This type of problem often has a specific configuration like a Wheatstone bridge. If it were a standard bridge with the 13 µF and 5 µF as the bridge arms and the 1 µF capacitor as the galvanometer arm, then the connections would be different.

Given the options and the common patterns in such problems, it's possible that the diagram implies something simpler or a specific symmetry. However, based on a literal interpretation of the connections shown, the calculation leads to a value not in the options.

Let's re-verify if any other interpretation could lead to one of the options. If the problem intends to represent a Wheatstone bridge where the central 13 and 5 are not directly in series across A and B, but rather part of the bridge. If A and B are the input nodes, and the central node is M. And the outer nodes are P1, P2, P3, P4. If it was a bridge with P1-P2-P3-P4 as the arms, and A and B as input/output to the bridge.

Consider a case where the problem intends for a specific symmetry that simplifies the circuit. If the circuit is symmetrical about the AB axis, then the nodes P1 and P4 might be at the same potential, and P2 and P3 might be at the same potential. But the capacitor values are not symmetric. 17 vs 6, 10 vs 1.

Given the discrepancy, and assuming the most straightforward interpretation of the diagram where P2 and P3 are connected to B, the result is $\frac{4069}{378} \mu F$ . Since this is not among the options, the answer would be 'None'.

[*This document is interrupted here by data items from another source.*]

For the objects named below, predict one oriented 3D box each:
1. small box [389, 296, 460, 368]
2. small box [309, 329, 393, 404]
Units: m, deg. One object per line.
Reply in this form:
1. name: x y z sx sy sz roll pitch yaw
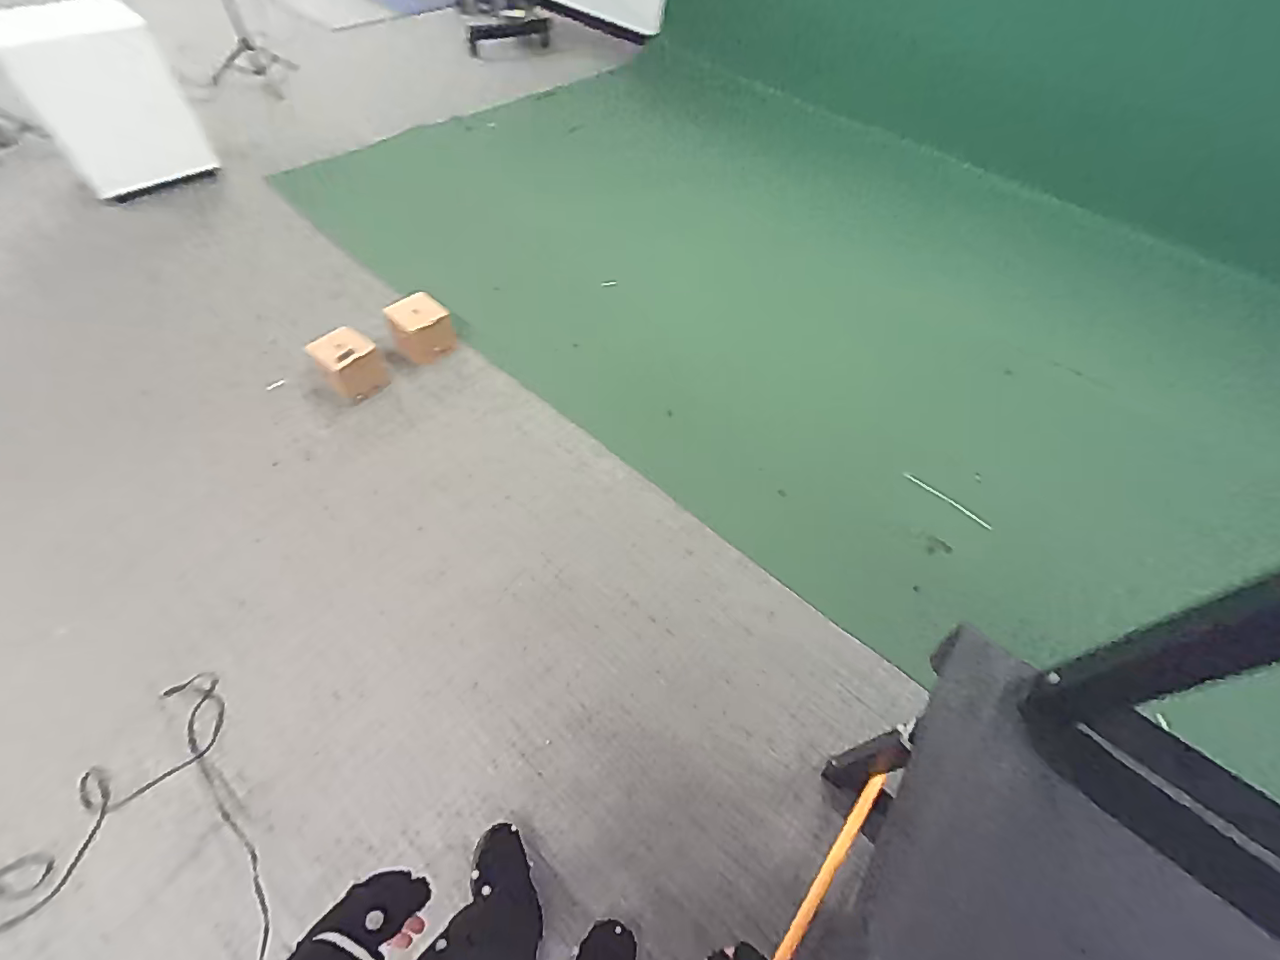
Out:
1. small box: -0.811 -0.556 2.045 0.179 0.176 0.168 37 60 20
2. small box: -1.009 -0.393 1.905 0.179 0.176 0.168 33 57 19

Final check of the interpretation: The drawing shows the connections from P2 and P3 going to the line of B. This is typically how a connection is drawn. If there were no connection, the line would not extend to B. If it were a different node, it would be labeled. The most direct reading is that P2 and P3 are connected to B.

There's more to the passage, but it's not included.